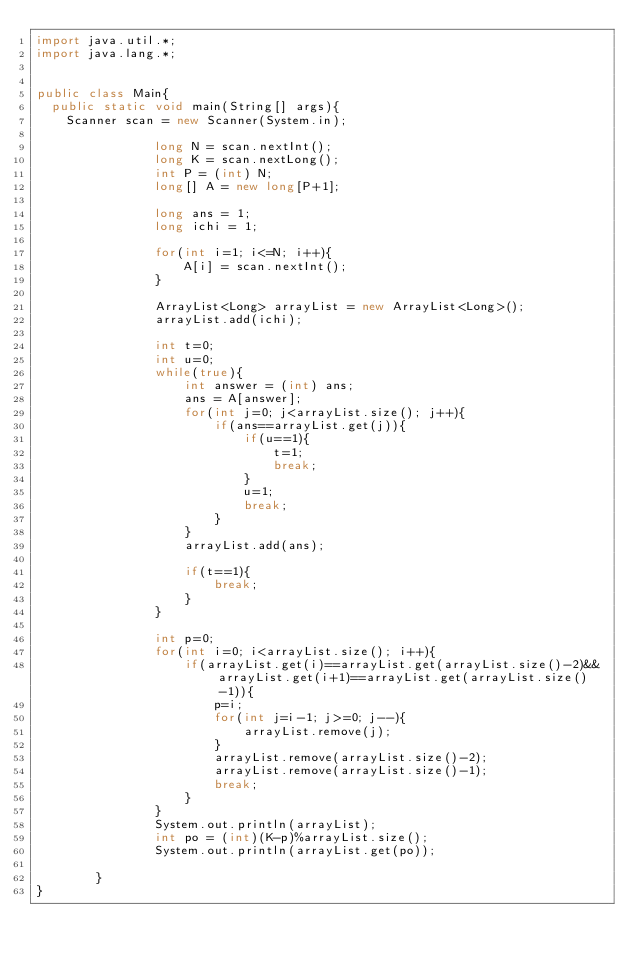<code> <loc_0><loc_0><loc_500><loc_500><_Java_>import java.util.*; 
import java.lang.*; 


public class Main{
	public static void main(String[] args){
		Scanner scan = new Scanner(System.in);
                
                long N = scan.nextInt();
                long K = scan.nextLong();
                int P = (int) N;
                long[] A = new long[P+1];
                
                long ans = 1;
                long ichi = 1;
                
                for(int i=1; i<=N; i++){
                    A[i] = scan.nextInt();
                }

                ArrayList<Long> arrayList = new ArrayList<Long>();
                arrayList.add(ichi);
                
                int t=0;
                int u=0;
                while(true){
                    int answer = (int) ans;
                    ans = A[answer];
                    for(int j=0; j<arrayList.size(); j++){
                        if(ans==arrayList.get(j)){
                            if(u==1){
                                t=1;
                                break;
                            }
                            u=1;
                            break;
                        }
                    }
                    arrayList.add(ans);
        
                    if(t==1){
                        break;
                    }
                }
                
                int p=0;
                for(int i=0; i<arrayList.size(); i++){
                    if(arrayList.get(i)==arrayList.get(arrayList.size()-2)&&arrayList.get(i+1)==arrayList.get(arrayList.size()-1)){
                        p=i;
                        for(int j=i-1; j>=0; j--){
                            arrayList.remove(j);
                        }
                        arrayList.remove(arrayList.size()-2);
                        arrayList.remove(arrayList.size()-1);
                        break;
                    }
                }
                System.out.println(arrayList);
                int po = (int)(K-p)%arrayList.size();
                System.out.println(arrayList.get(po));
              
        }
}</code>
----------
What to produce: Your answer should be the lines from the opening of the records through the line with "int P = (int) N;", both ends retyped exactly and pictures left out.

Exercise solution:
<code> <loc_0><loc_0><loc_500><loc_500><_Java_>import java.util.*; 
import java.lang.*; 


public class Main{
	public static void main(String[] args){
		Scanner scan = new Scanner(System.in);
                
                long N = scan.nextInt();
                long K = scan.nextLong();
                int P = (int) N;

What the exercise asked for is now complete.